Crime in Paraguay has increased in recent years with criminals often targeting those thought to be wealthy. Although most crime in Paraguay is nonviolent, there has been an increase in the use of weapons and there have been incidents where extreme violence has been used.

== Crime by type ==

=== Armed violence ===
The amount of gang violence and other forms of armed violence has increased since the 1954 Paraguayan coup d'état.

===Cigarette smuggling===
Due to discrepancies in the cigarette tax rate between Brazil and Paraguay (16% in Paraguay vs. 80% in Brazil), large quantities of cigarettes are smuggled into Brazil via Santa Catarina.
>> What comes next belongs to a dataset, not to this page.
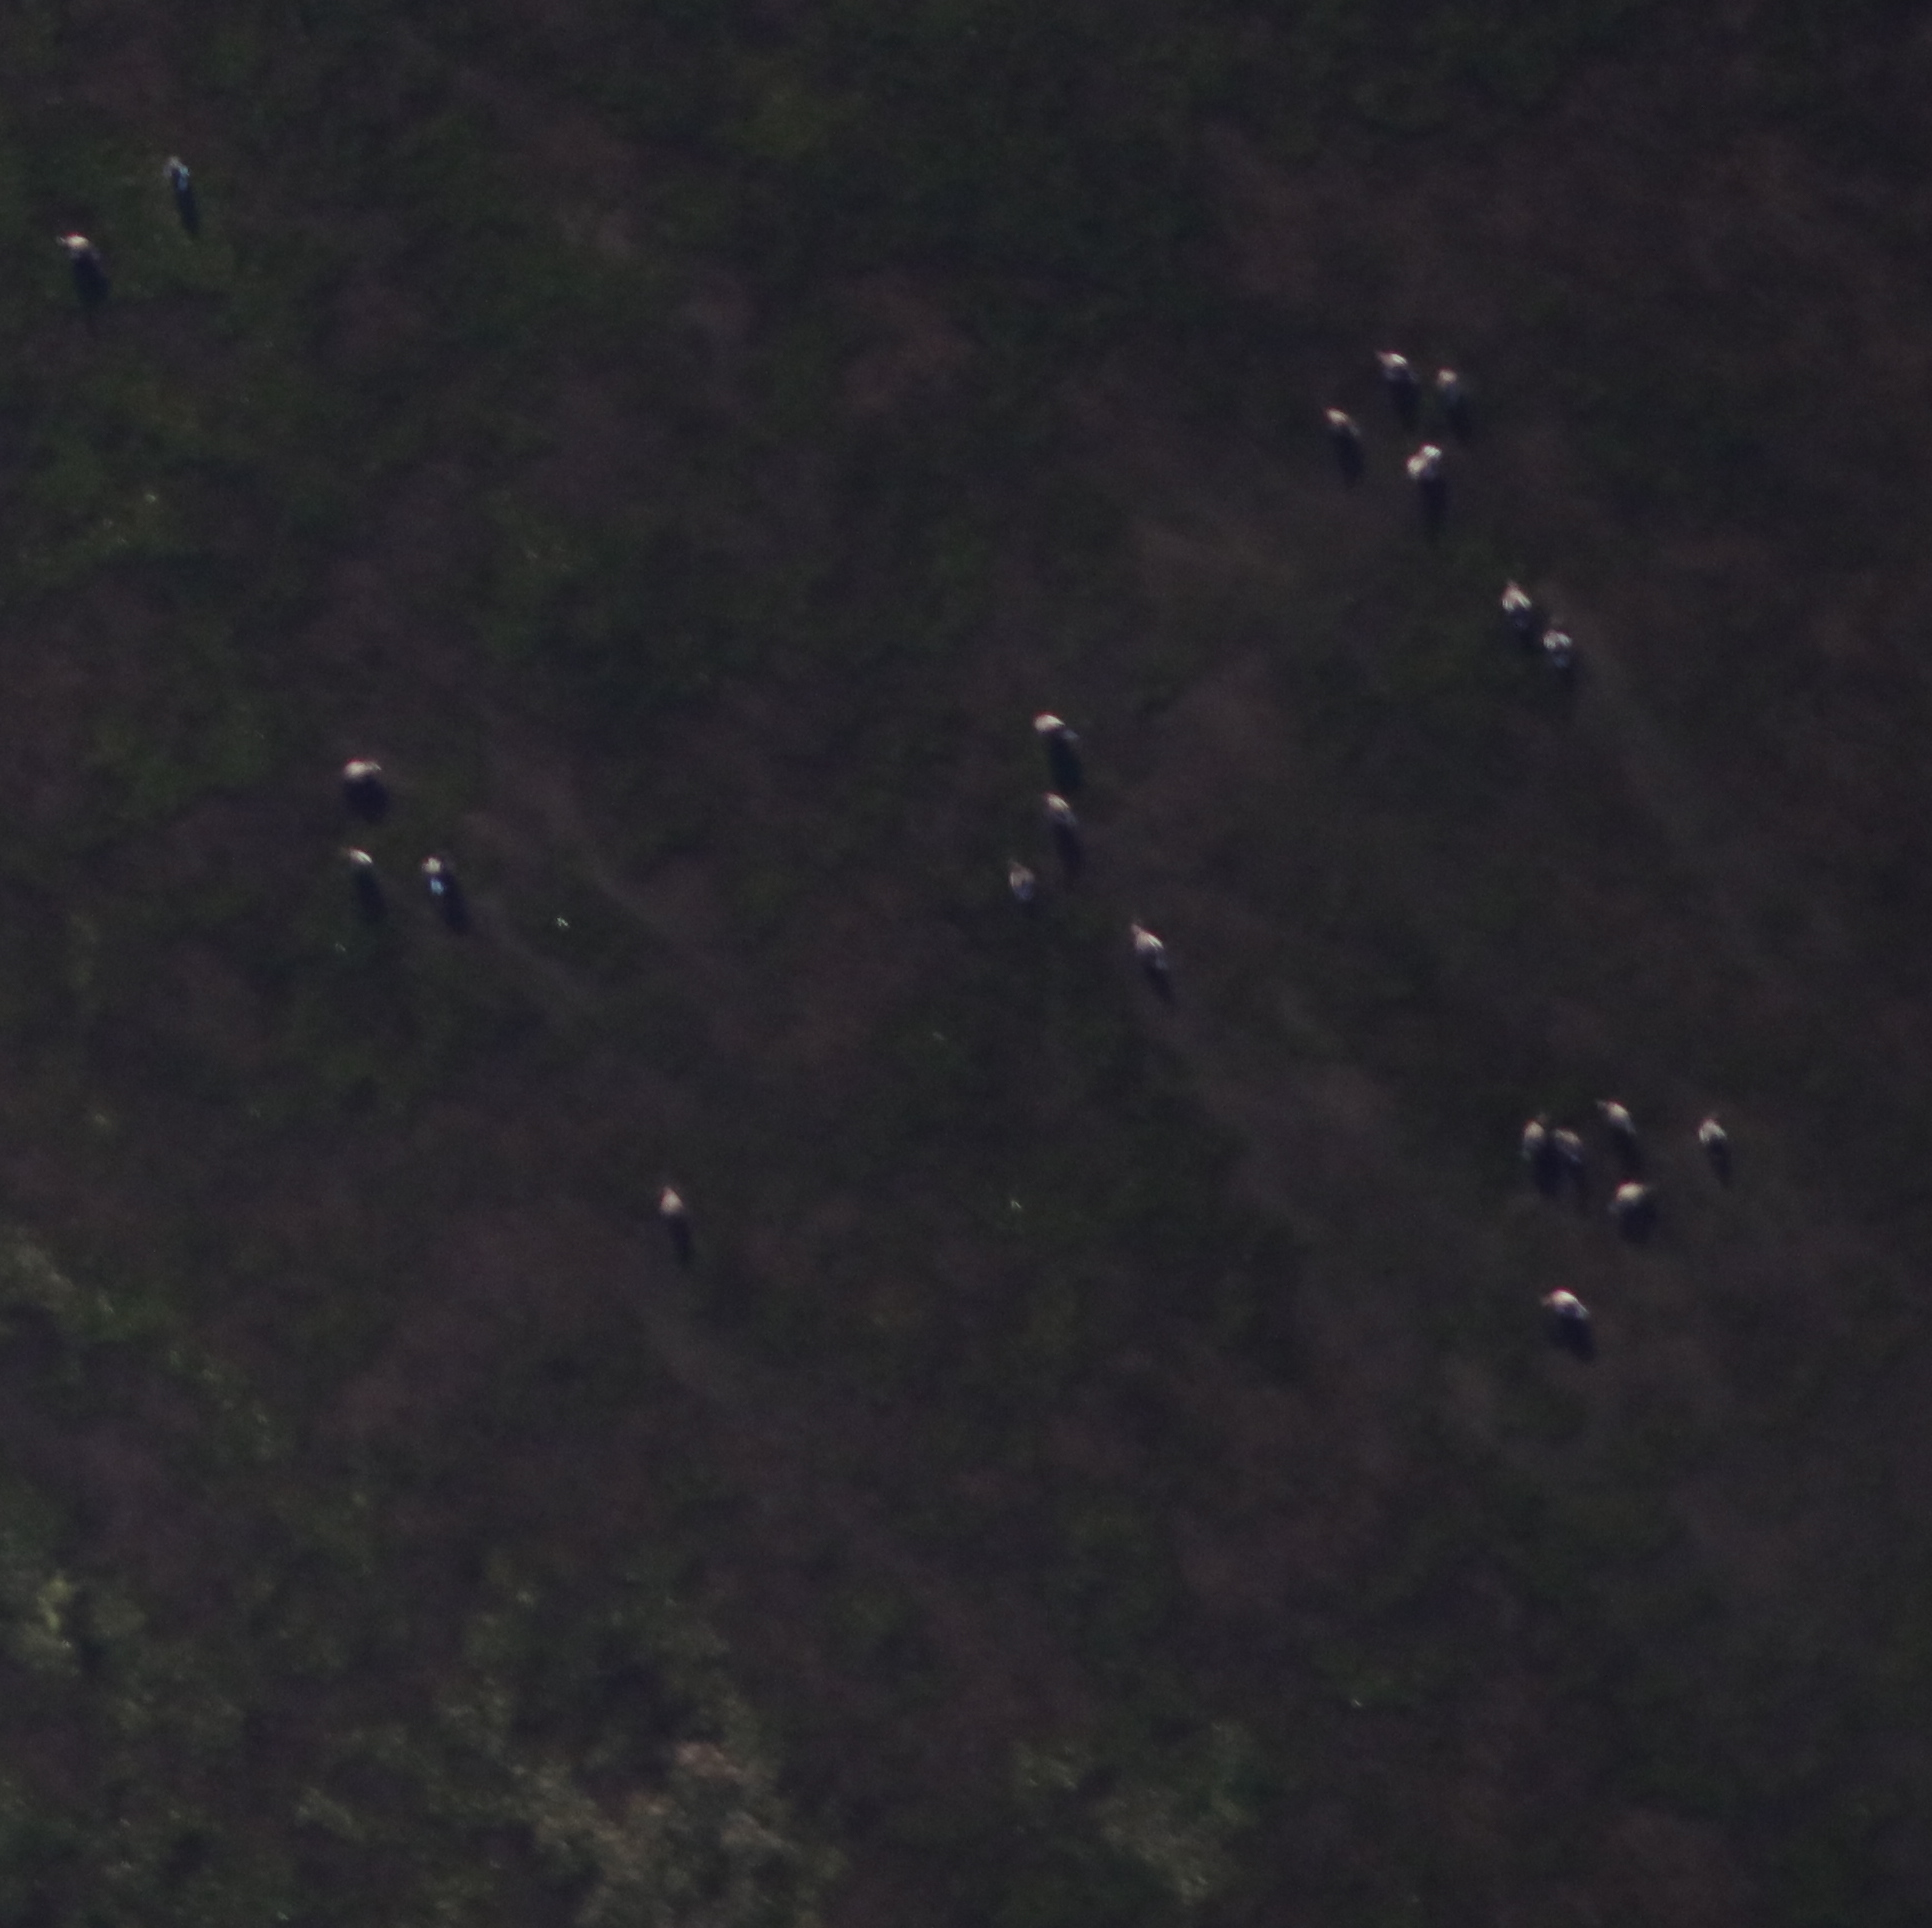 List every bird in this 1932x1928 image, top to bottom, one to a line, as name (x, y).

Journalists have alleged that the Tabacalera Del Este factory owned by relatives of Paraguayan President Horacio Cartes, is responsible for producing cigarettes for the purpose of being smuggled into Brazil via Ciudad del Este.

=== Corruption ===

Observers maintain that corruption in Paraguay remains a major impediment to the emergence of stronger democratic institutions and sustainable economic development.

=== Domestic violence ===

In 2009, on average one woman was murdered in Paraguay every 10 days, or 11.2% of the overall homicide rate. However, it is not clear exactly how many women are killed in domestic violence situations. Although Paraguay has taken several measures to deal with this problem, including creating special police units for domestic violence victims, lack of adequate laws, as well as conservative attitudes within a male dominated society hinder progress.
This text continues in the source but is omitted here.